Finding $m^2, m^3, m^4, m^7, (m^3)^7$ modulo 33

Question

I'm trying to find the values of $m^2, m^3, m^4, m^7, (m^3)^7$ modulo 33, for $m$ in $\{0,\dots, 16\}$ and for the values in $\{-16,\dots,0\dots, 16\}$. I'm not entirely sure how to proceed although I do know that I probably have to apply Fermat's Little Theorem in some way (i.e. $m^{32} \equiv 1$ mod 33, $m^{33} \equiv m$ mod 33).

Answer 1

$16^2=32*8=-1*8=25$ mod $33$

$16^3=25*16=50*8=17*8=34*4=1*4$ mod $33$

$16^4=4*16=2*32=-1*2=31$ mod 33

$16^7=16^4*16^3=16^4*4=16^2*32*32=16^2=25$ mod 33

$(16^3)^7=(4)^7=16^3*4=4*4=16$ mod 33

and so on..

You can not use Fermat because 33 is not prime.

Answer 2

As well as the hint... lonza leggiera gave in the comments, here are a few more ways to decrease the work:

• Note $(-x)^{2y}\equiv x^{2y}$, and $(-x)^{2y+1}\equiv-(x)^{2y+1}$.

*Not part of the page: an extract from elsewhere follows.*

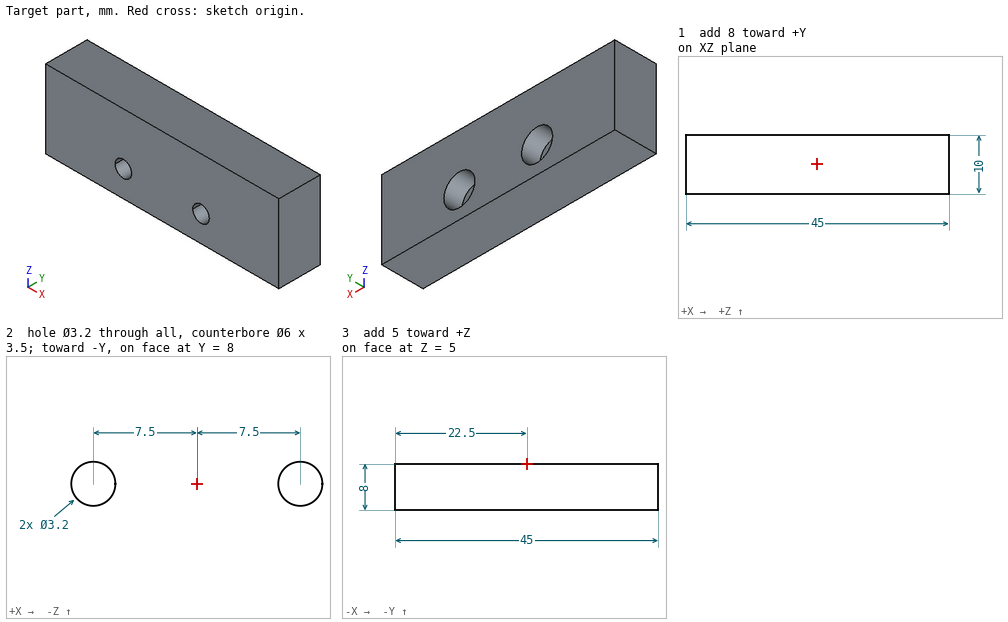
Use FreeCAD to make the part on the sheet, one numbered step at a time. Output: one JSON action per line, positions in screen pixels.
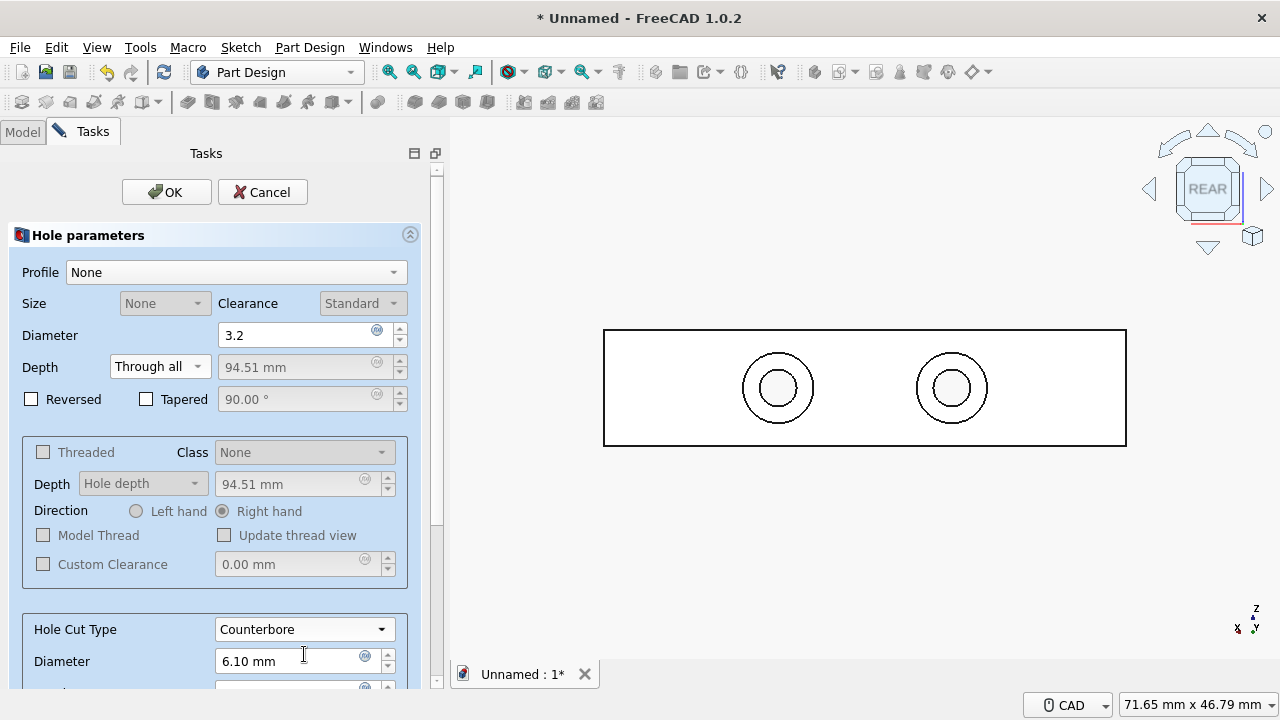
{"action": "triple_click", "coordinate": [298, 661]}

This allows a rough cutting in half the work needed to calculate the latter ( it's basically negation or not on the first set). This works in any modular arithmetic, because if not, it would defy the normal arithmetic rules:$(-x)^{2y}= x^{2y}$, and $(-x)^{2y+1}= -(x)^{2y+1}$. Thus proving them incorrect.

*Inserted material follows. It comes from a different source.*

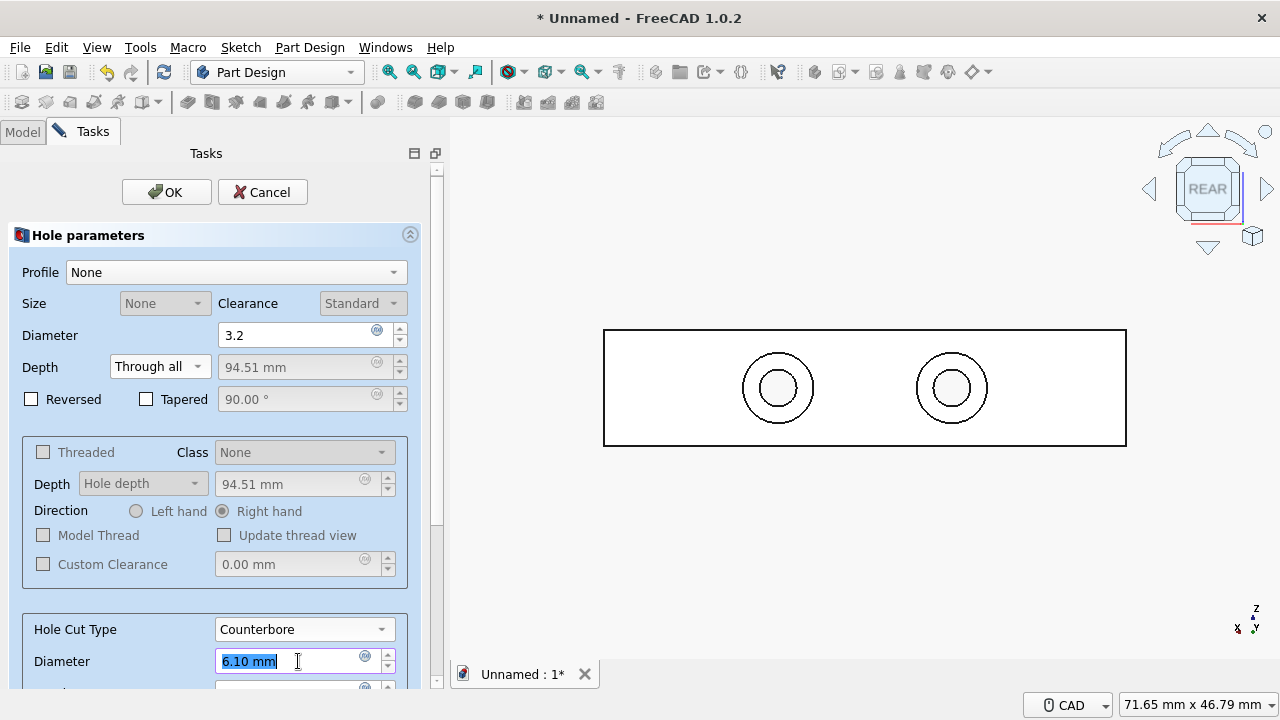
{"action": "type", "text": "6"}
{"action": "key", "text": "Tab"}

EDIT: You can Also use Fermat but using prime factorization, Mod 3 they reduce to:

1,m,1,m,and m

if m is coprime to 3. Mod 11 The last can be reduced to m. Using CRT we can piece these together, to get the last is always equal to m mod 33. We have now reduced it to the cases mod 11 and CRT.